In this article, we present MultiDataSet, a new R class based on Bioconductor standards developed to encapsulate multiple datasets. MultiDataSet deals with the usual difficulties of managing multiple and non-complete datasets while offering a simple way of subsetting features and selecting individuals. We describe the internal structure of MultiDataSet and illustrate its use in three examples (Additional files 1, 2 and 3) which cover three common situations in integration analyses.
Design and implementation
MultiDataSet is a S4 class of R implemented under Bioconductor guidelines . Its structure is an extension of the abstract eSet class. MultiDataSet is therefore a data-storage class that comprises datasets of different omic data (assay data), feature data and phenotypic data. Despite its general form, MultiDataSet maintains the specific characteristics of the datasets (e.g. it preserves matrices of calls and probabilities of a SnpSet).

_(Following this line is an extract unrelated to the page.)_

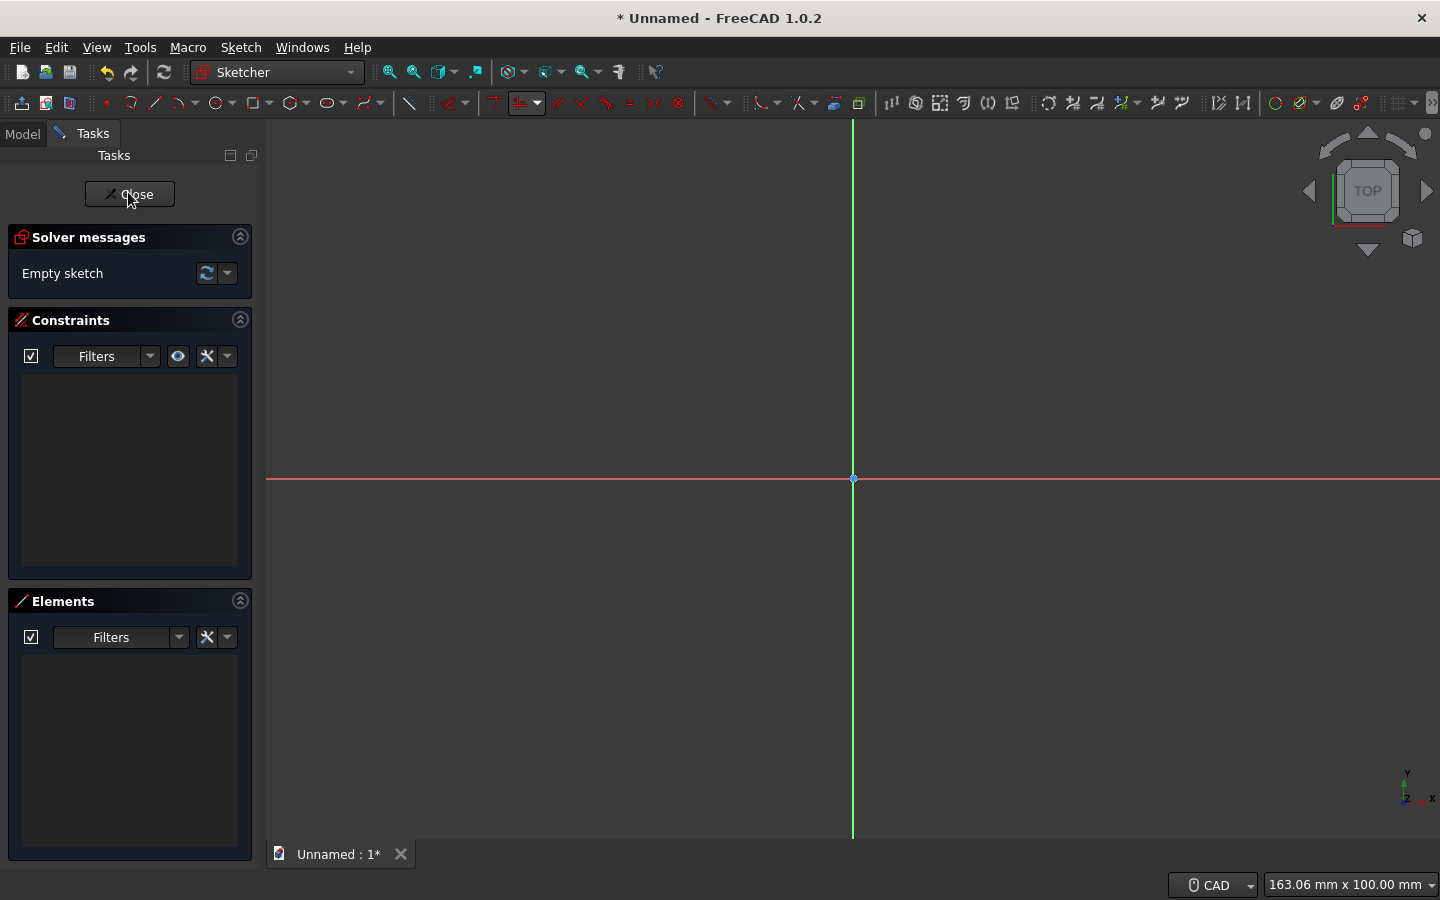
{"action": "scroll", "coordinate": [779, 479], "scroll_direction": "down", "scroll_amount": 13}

Internal structure of MultiDataSet
MultiDataSet comprises five fields that are R standard lists. Their names match other Bioconductor classes: assayData that contains the measurement values; phenoData that stores the description of the samples; featureData and rowRanges that have the description of the features; and return_method that allows recovering the original dataset. Relation between fields is shown in Fig. 1. In each dataset, samples are shared between assayData and phenoData, and features between assayData, featureData and rowRanges. We have programmed a function to recover the original datasets. The class is designed such that the different data is coordinated. A particular feature of MultiDataSet is the storing of datasets from different experiments that may not share the full set of samples between them.

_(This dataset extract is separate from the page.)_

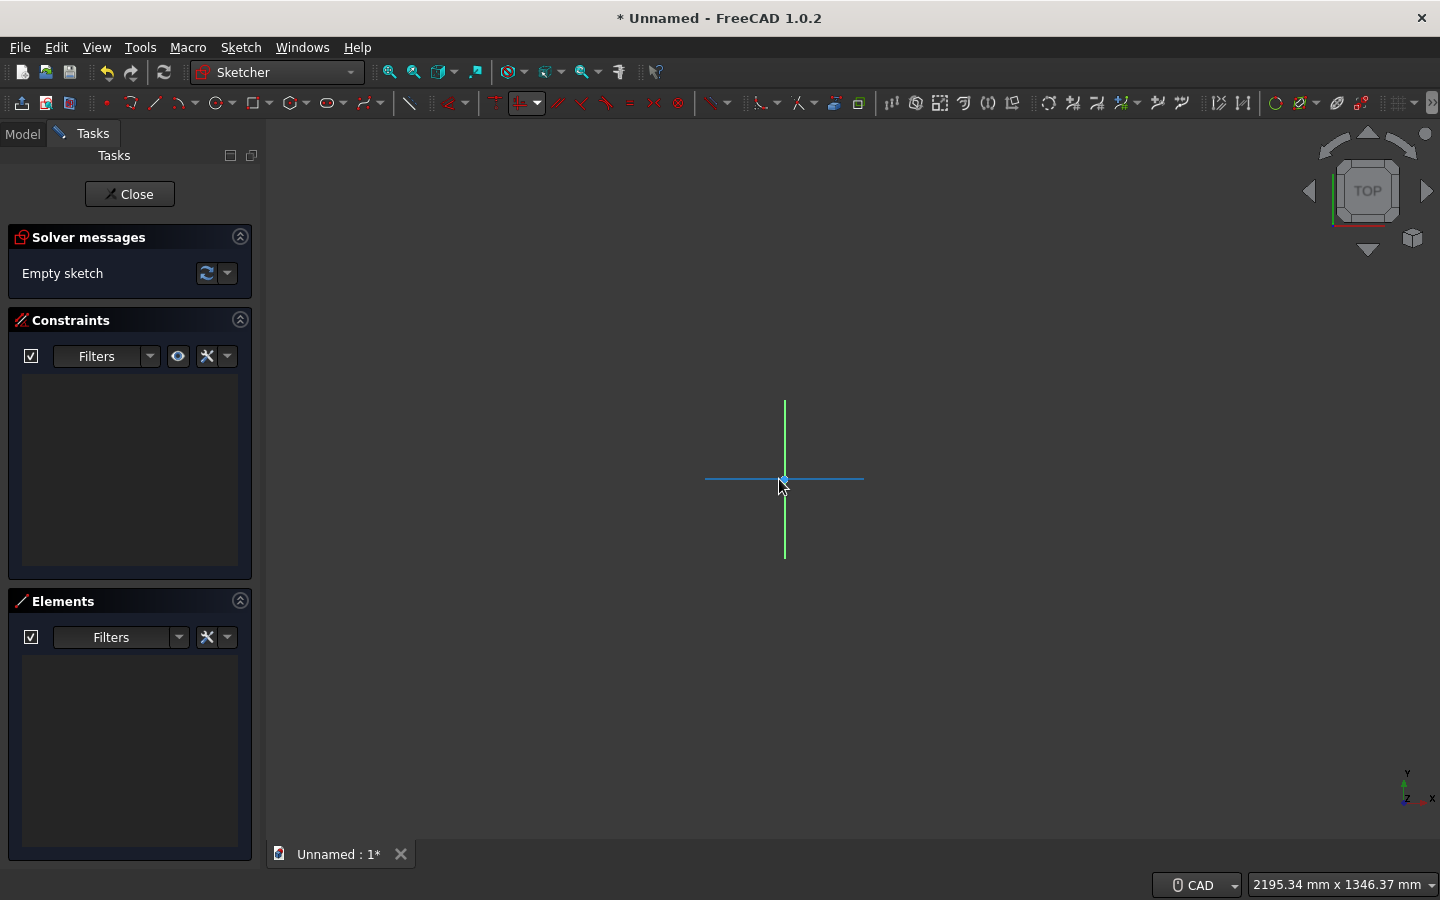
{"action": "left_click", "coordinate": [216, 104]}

Six accesors are available to retrieve information from each MultiDataSet’s fields: assayData, pData, fData, rowRanges, rowRangesElements and sampleNames. The first four retrieve the content of assayData (a list of environments), phenoData (a list of AnnotatedDataFrames), featureData (a list of AnnotatedDataFrames) and rowRanges (a list of GenomicRanges with NAs for the datasets with features without genomic coordinates). rowRangesElements returns the names of datasets with a genomic coordinates in a GenomicRanges. The accessor sampleNames returns a named list with the samples names of each data set.

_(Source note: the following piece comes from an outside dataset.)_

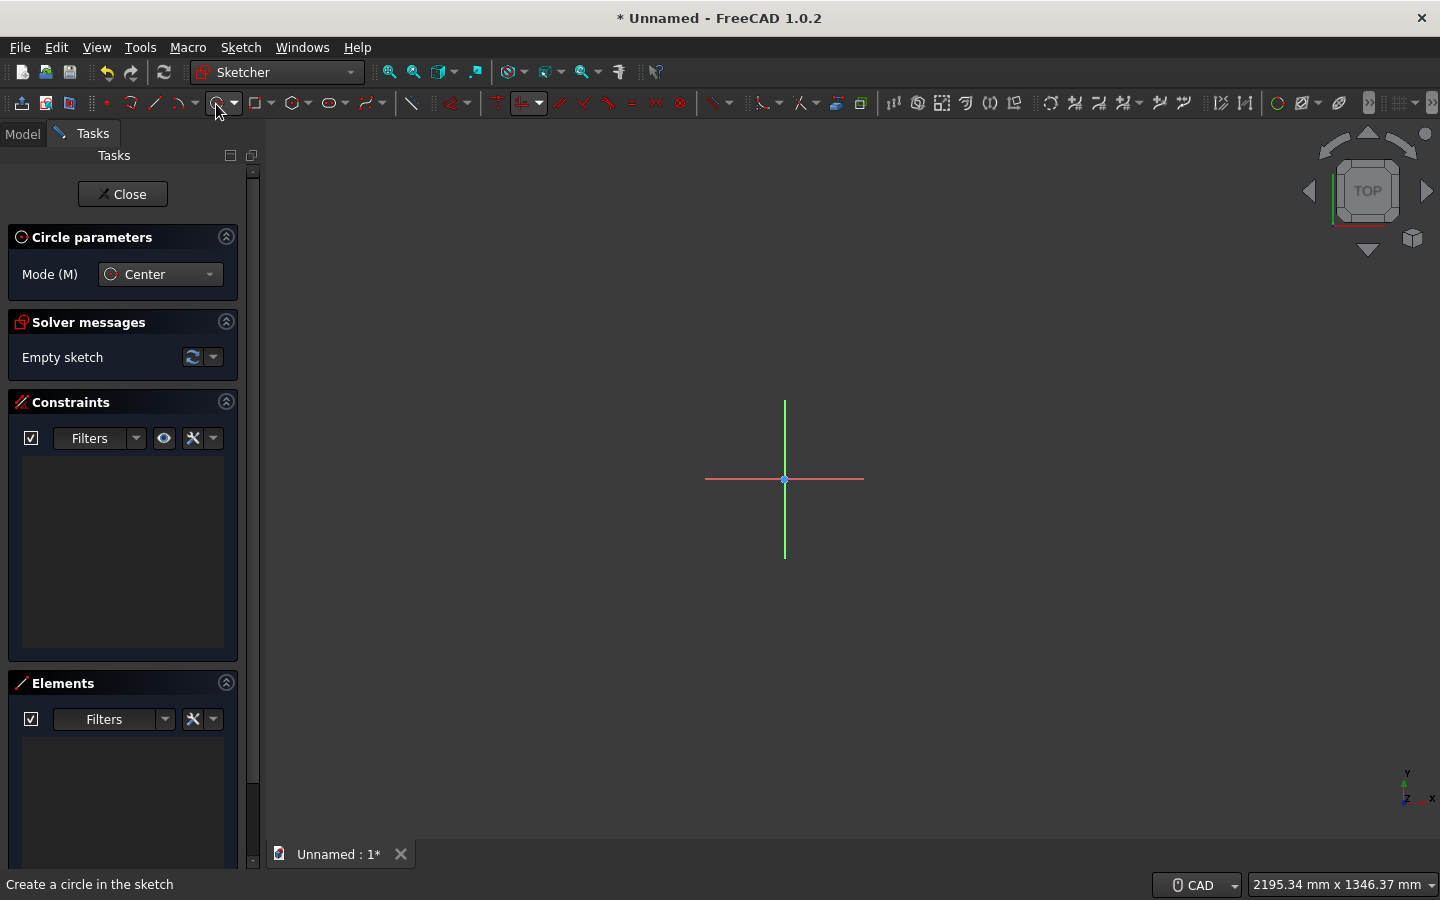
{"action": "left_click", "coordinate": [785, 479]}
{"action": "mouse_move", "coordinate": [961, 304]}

Adding datasets to MultiDataSet
Following Bioconductor guidelines, MultiDataSet objects are created empty through its constructor. Once the object is created, datasets can be added with add_eset and add_rse. The first function adds an object of class eSet while the second adds a SummarizedExperiment object and its extensions. The two functions have the same arguments: the MultiDataSet object, the dataset to be added, a tag for the type of dataset (i.e. methylation, expression…) and a name for each dataset. MultiDataSet thus allows the storage of multiple dataset of the same type, under different names. For features with genomic coordinates, a GenomicRanges object is created from the dataset’s featureData. In order to maintain the consistency across all datasets, the names of the samples are given by those in the phenotype dataset (a column called “id” is requested). If not present, object’s sampleNames are used.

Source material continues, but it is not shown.